If it is proved to the satisfaction of the high court that there is a reasonable likelihood of a contravention of s 11(1) taking place or that there is a reasonable likelihood that a contravention will be continued or repeated, the high court may make the relevant order applied for. It should be noted that s 9 of the Act provides for a review by a board of review of any decision taken by the Registrar by any person aggrieved by the decision. Such a review is confined to the question of whether or not the Registrar, in taking the decision, exercised his or her discretion properly and in good faith. The board of review may after the review confirm, vary or set aside the Registrar’s decision.


[4] The primary definition of ‘the business of a bank’ as defined in s 1, is:

(a) the acceptance of deposits from the general public (including persons in the employ of the person so accepting deposits) as a regular feature of the business in question,’


But the definition is extended in paragraph (e) to include: ‘any other activity which the Registrar has, after consultation with the Governor of the Reserve Bank, by notice in the Gazette declared to be the business of a bank’.

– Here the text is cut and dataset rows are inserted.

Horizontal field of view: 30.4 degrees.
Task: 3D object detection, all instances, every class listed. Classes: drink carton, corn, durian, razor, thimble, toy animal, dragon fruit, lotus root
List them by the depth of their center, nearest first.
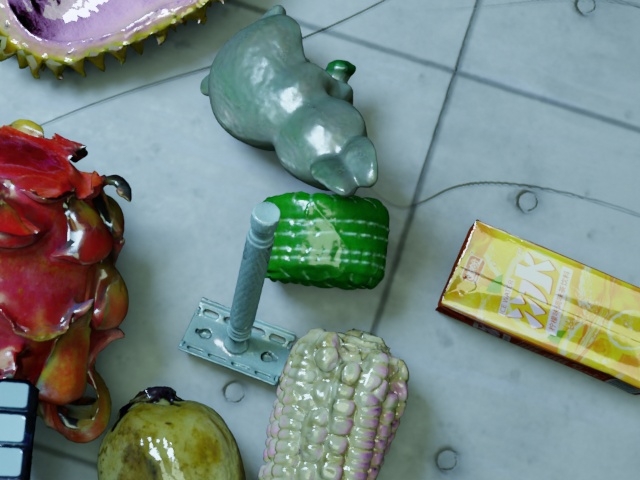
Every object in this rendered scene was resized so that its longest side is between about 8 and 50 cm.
[{"bbox_3d":[-0.285,0.039,1.088,0.307,0.243,0.227,50,46,10],"label":"dragon fruit"},{"bbox_3d":[-0.063,0.042,1.097,0.106,0.232,0.068,20,52,2],"label":"razor"},{"bbox_3d":[-0.130,0.241,1.103,0.138,0.138,0.214,-27,71,-4],"label":"lotus root"},{"bbox_3d":[-0.009,0.245,1.120,0.127,0.126,0.335,17,86,2],"label":"corn"},{"bbox_3d":[-0.012,-0.105,1.129,0.127,0.125,0.251,-51,48,23],"label":"toy animal"},{"bbox_3d":[0.000,0.000,1.153,0.130,0.118,0.090,2,85,18],"label":"thimble"},{"bbox_3d":[0.235,0.067,1.167,0.223,0.071,0.096,22,83,4],"label":"drink carton"},{"bbox_3d":[-0.186,-0.281,1.201,0.341,0.112,0.191,-44,93,2],"label":"durian"}]

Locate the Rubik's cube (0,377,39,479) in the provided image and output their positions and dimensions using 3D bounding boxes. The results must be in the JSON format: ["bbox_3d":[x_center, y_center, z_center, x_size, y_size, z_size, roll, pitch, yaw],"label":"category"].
[{"bbox_3d":[-0.339,0.232,0.988,0.182,0.184,0.187,5,43,-12],"label":"Rubik's cube"}]
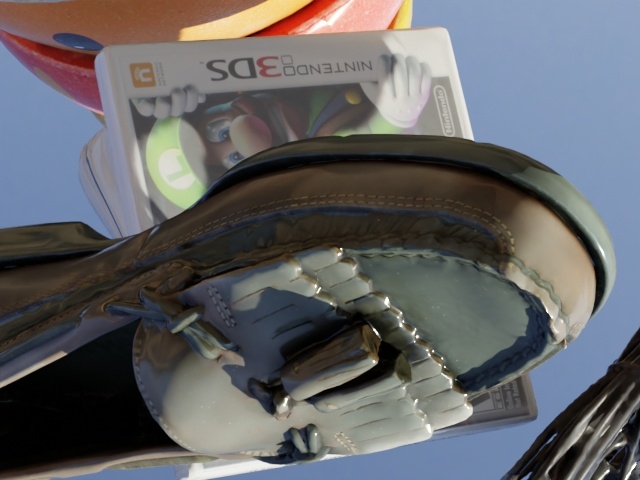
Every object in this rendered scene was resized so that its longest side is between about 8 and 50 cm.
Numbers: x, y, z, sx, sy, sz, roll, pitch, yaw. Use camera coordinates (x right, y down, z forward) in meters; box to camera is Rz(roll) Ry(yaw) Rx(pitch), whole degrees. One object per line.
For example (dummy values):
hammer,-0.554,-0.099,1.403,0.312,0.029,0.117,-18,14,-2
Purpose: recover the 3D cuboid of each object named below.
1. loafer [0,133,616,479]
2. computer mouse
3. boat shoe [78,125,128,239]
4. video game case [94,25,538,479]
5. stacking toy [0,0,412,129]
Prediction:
loafer,-0.037,0.039,0.566,0.267,0.096,0.084,-11,-141,42
computer mouse,0.148,0.126,0.902,0.188,0.272,0.072,-40,-130,-22
boat shoe,-0.091,0.006,1.318,0.083,0.076,0.226,-29,-107,-35
video game case,0.000,0.000,0.856,0.173,0.190,0.022,-6,167,-27
stacking toy,-0.050,-0.146,1.117,0.350,0.480,0.351,-8,-126,11

On 27 March 1997, the Registrar, by Notice 498 published in Government Gazette 17895, declared the following ‘business practice’ (defined to include ‘any scheme, practice or method of trading, including any method of marketing or distribution’) to be ‘the business of a bank’:

2. The acceptance or obtaining of money, directly or indirectly, from members of the public, as a regular feature of a business practice, with the prospect of such members (hereinafter referred to as the “participating members”) receiving payments or other money-related benefits, directly or indirectly–


  1. on or after the introduction of other members of the public to the business practice (hereinafter referred to as the “new participating members”), from which new participating members, in their turn, money is accepted or obtained, directly or indirectly, as a regular feature of the business practice, whether or not–


  1. the introduction of the new participating members is limited to their introduction by participating members or extends to the introduction of the new participating members by other persons; or


  1. new participating members are required to acquire movable or immovable property, rights or services;


  1. on or after the promotion, transfer or change of status of the participating members or new participating members within the business practices; or


  1. from funds accepted or obtained from participating members or new participating members in terms of the business practice.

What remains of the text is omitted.